Best of Peter Rhodes - October 24
Here's a selection of the best of the Peter Rhodes column taken from the Express & Star for the week ending October 10.
Here's a selection of the best of the Peter Rhodes column taken from the Express & Star for the week ending October 10.
I FELT a certain sympathy for the earnest Radio 5 reporter examining the origins of the credit crunch who found herself asking a redundant plasterer if he had seen the writing on the wall.
BRITAIN has solemnly signed up to an EU agreement to reduce carbon emissions by 80 per cent from the 1990 level by the year 2020. Which sort of suggests that we have already made great progress. Not exactly. Friends of the Earth reported last year that emissions were higher than at any time since1997, and still rising. An 80 per cent cut looks absolutely preposterous but, hey, it's a good sound bite.
ERNIE Chambers is that rarest of things, an American politician who does not believe in God. But the US courts recognise God and that was enough for Ernie to launch a lawsuit against the Almighty. He wanted a permanent injunction forbidding God from sending any more floods, earthquakes and "terroristic threats". The action failed when a district judge ruled that the plaintiff must have access to the defendant in order to serve court papers on him. And as God has no address, the judge threw out Ernie's case. Trust an omnipotent deity to wriggle out of it on a technicality.
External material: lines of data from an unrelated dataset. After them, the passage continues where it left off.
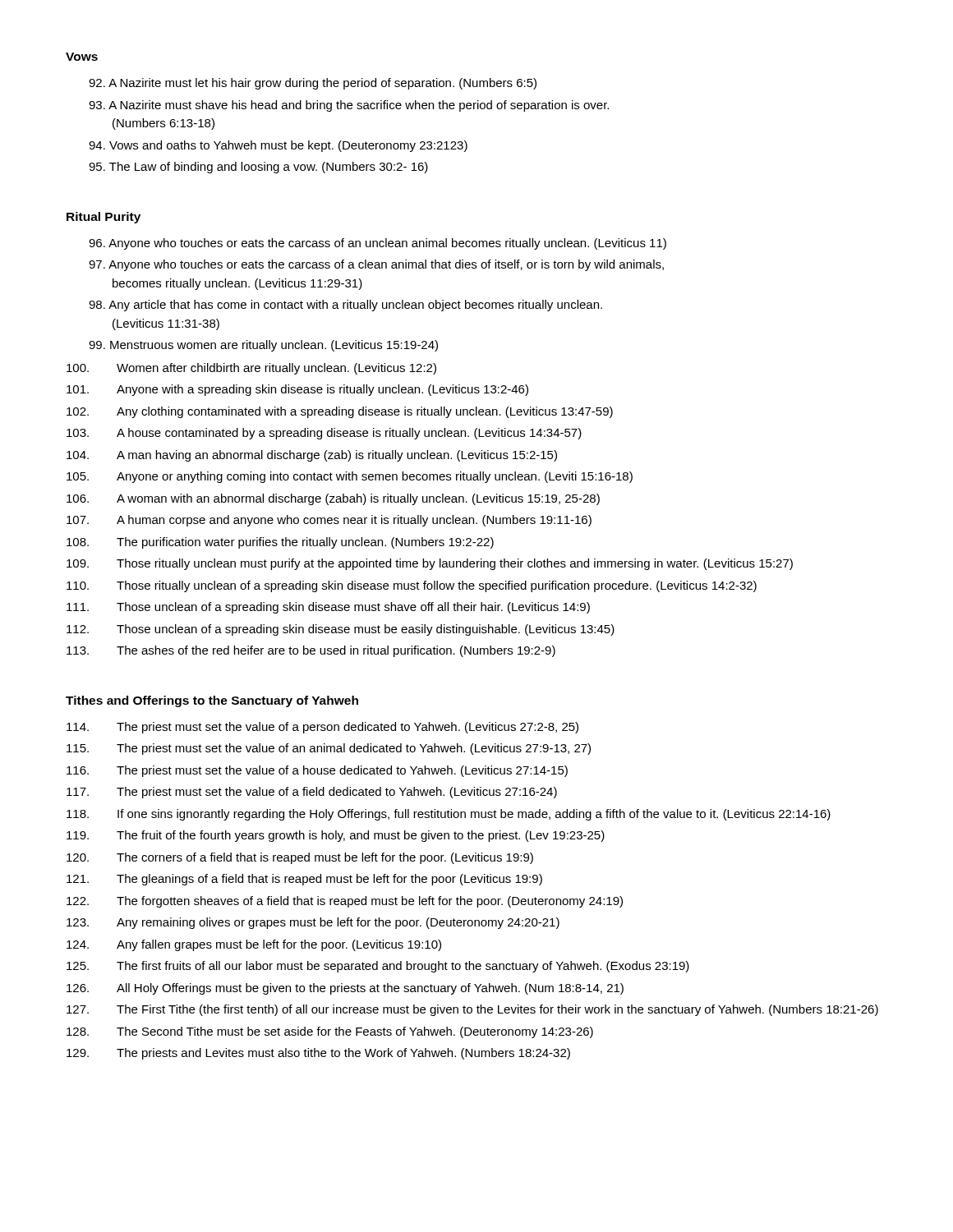953x1232 pixels.
Task: Click the passage that begins "117. The priest must set the"
Action: pyautogui.click(x=476, y=792)

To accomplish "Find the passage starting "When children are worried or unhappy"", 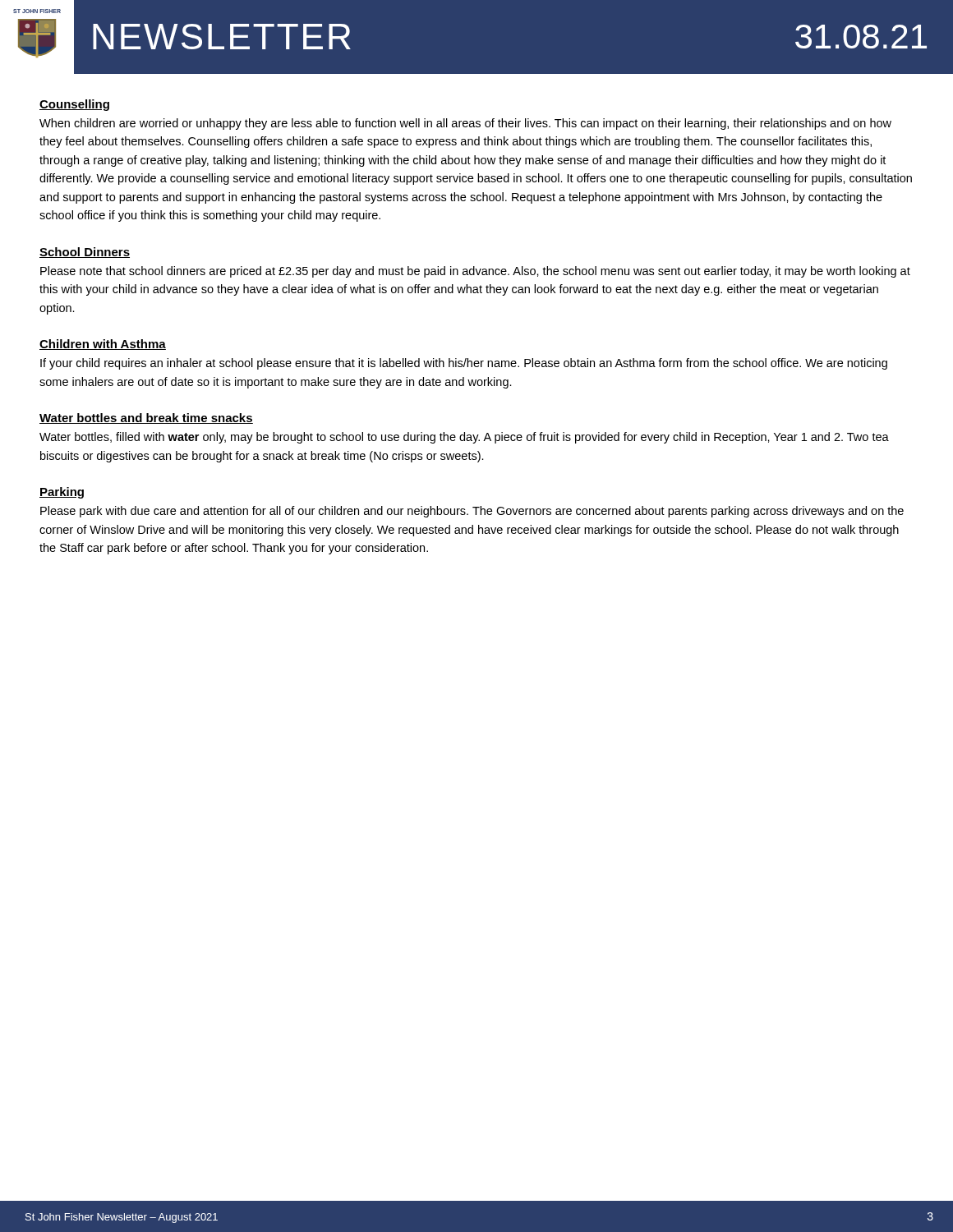I will (x=476, y=170).
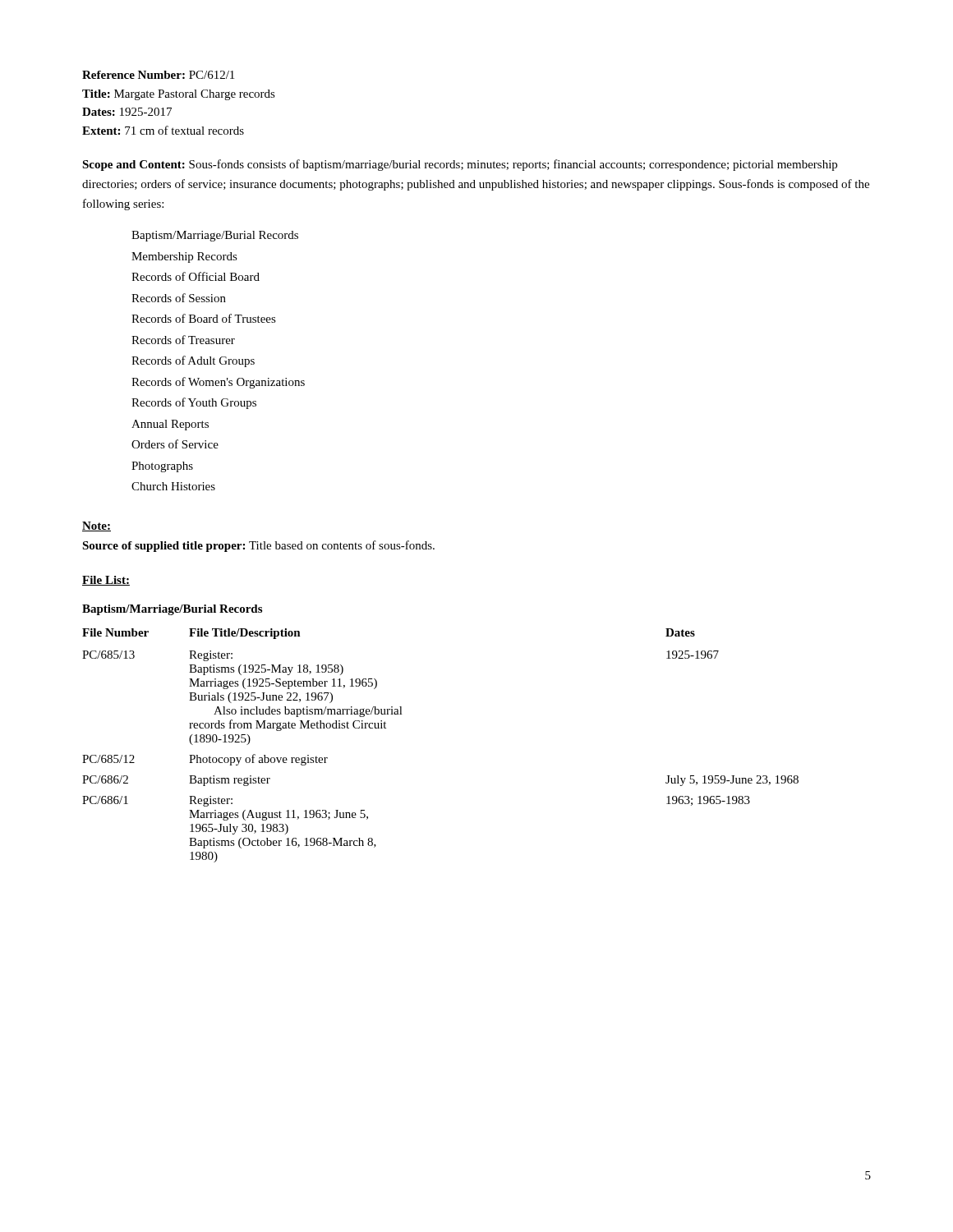Image resolution: width=953 pixels, height=1232 pixels.
Task: Select the list item containing "Records of Official"
Action: (x=196, y=276)
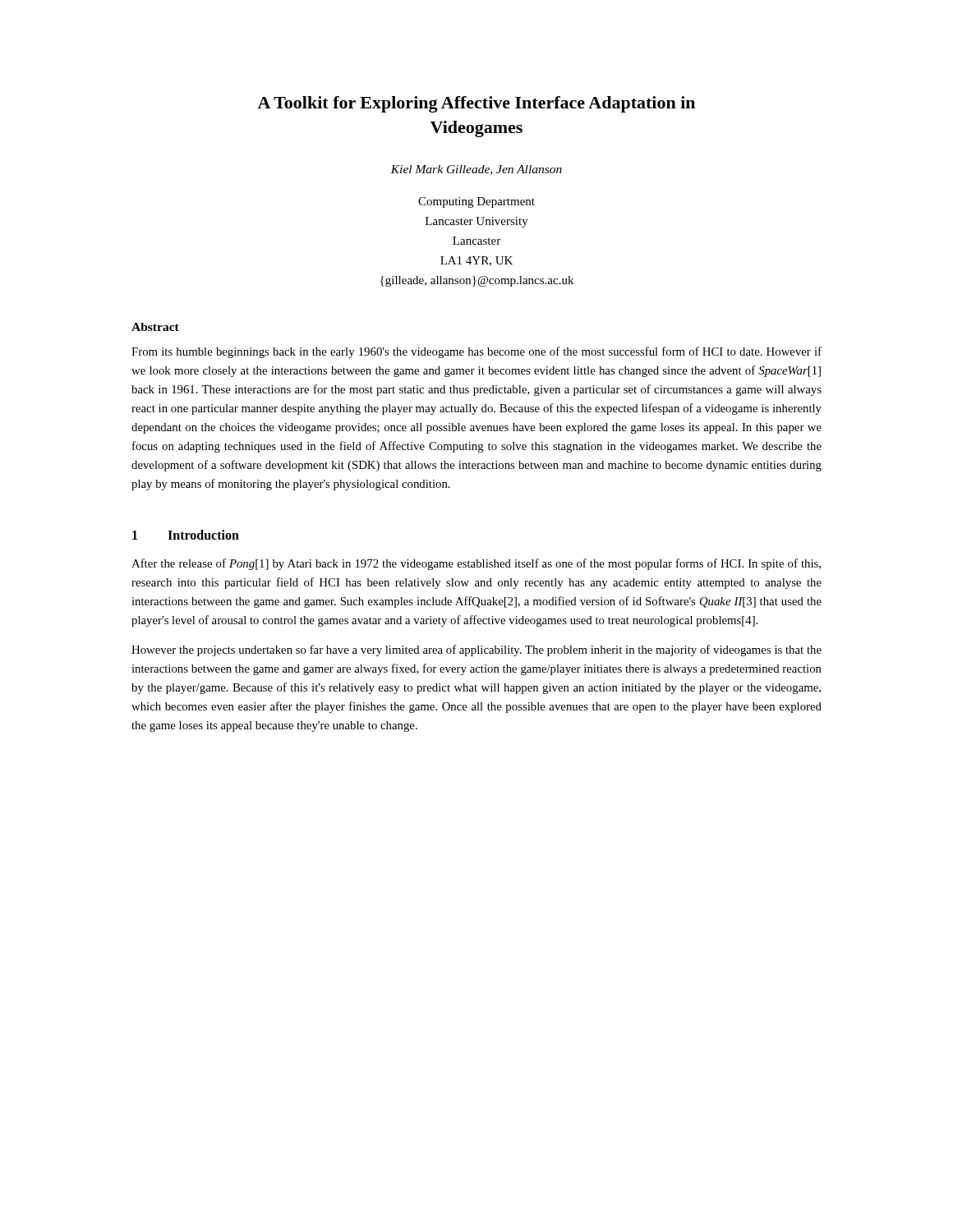This screenshot has width=953, height=1232.
Task: Click on the element starting "Kiel Mark Gilleade, Jen Allanson"
Action: click(x=476, y=169)
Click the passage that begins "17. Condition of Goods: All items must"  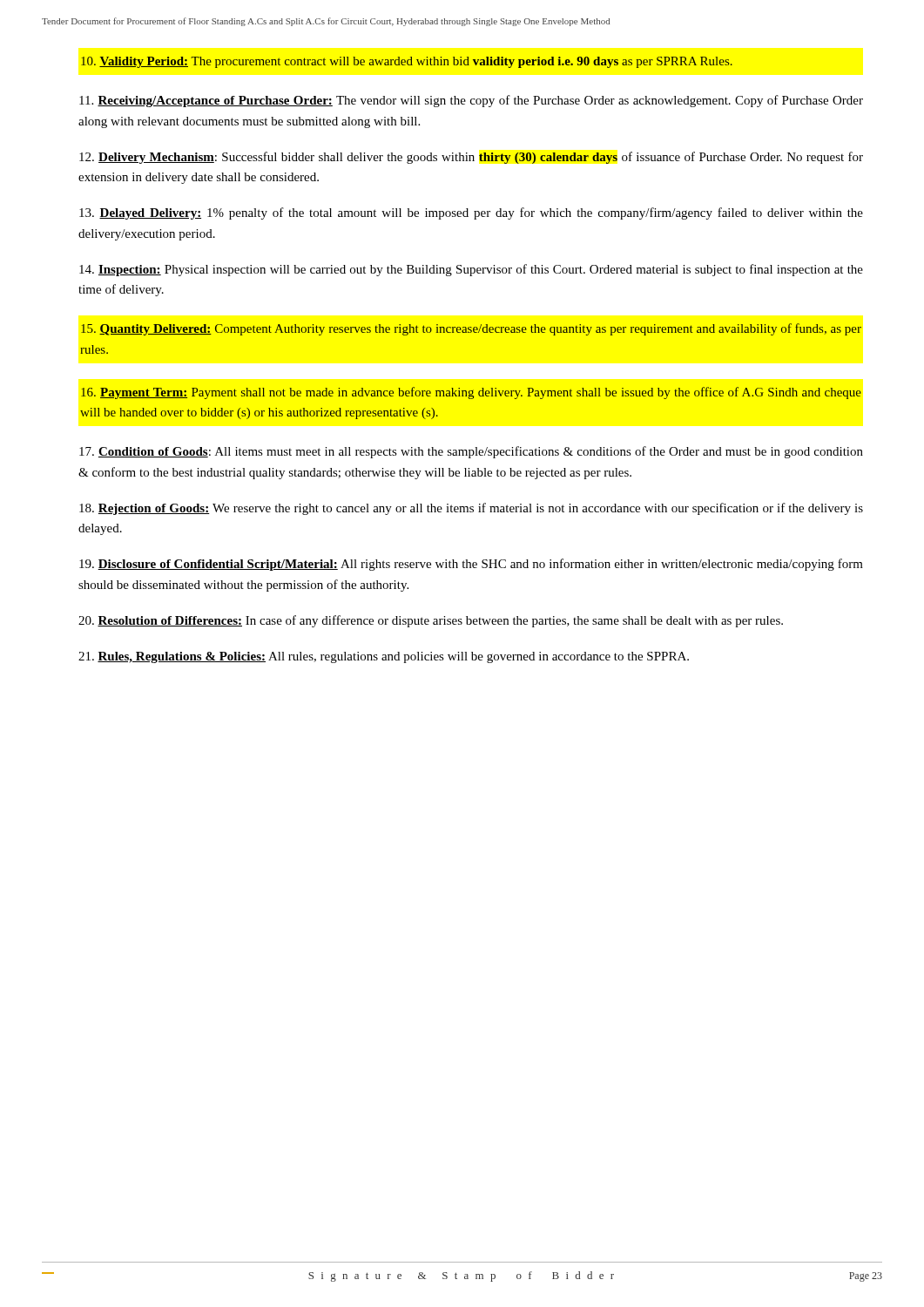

A READER reports a notice, without commas, on a farm building in Herefordshire. It announces: "Organic potatoes call in."
He reports that he watched the entrance for a while but did not see any potatoes call in. It reminded him of the sign 'slow mud' and he asks: "Have you ever seen fast mud?"
BY COINCIDENCE, another reader also writes in support of the comma, having just seen a performance of the Gilbert & Sullivan operetta, The Pirates of Penzance. The hero Frederic sings: "I, sore at heart." If the singer ignores the comma it becomes: "I saw a tart."
YES, I know I should be outraged at the news that our MPs are to get 24 days off at Christmas. But if the past few weeks of financial turmoil have proved anything, it is how utterly irrelevant the average backbencher is when the manure interfaces with the ventilation device. We are, to all intents and purposes, not a parliamentary democracy but a constitutional dictatorship. And we didn't even vote for this dictator. Seven days at Christmas, 14 days, 24 days? Does it matter?
A motorist's diary:
0630: Fill up car.
0830: Petrol prices go down.
THE TREASURY is borrowing £200 million a day, a 60-year record. Seriously, does anyone really want to win the next General Election?
THESE collective nouns (keep 'em coming) are getting very clever. I particularly liked:
* A plethora of lispers
* A tenet of palindromes
* A hotbed of quilts
A PARTY? With Peter Mandelson? On a Russian billionaire's yacht? What could possibly go wrong?
NOT quite metricated. The Times features a picture of a tiger, "about two metres long and more than 14 stone in weight." So what's that in centigrade?
A VISITOR to this country (I am assured by a colleague) knocked on a farmhouse door to obtain some of the "range eggs" they were advertising at the farm gate.
"Two quid a dozen," said the farmer.
"But the sign says they're free," said the puzzled visitor.
STILL on country eating, are eight legs of venison too dear?
RESEARCHER Eva Murzyn from the University of Dundee believes that older folk dream in black-and-white and younger people in colour. The explanation is that we old 'uns were raised on monochrome television while later generations watched colour sets. I have my doubts. As you get older, dreams get less exciting. These days, my nocturnal fantasies tend to come from the Screwfix catalogue and are therefore in colour. Especially the click-fix laminate flooring section. Oh, rapture. I can hardly wait till bedtime.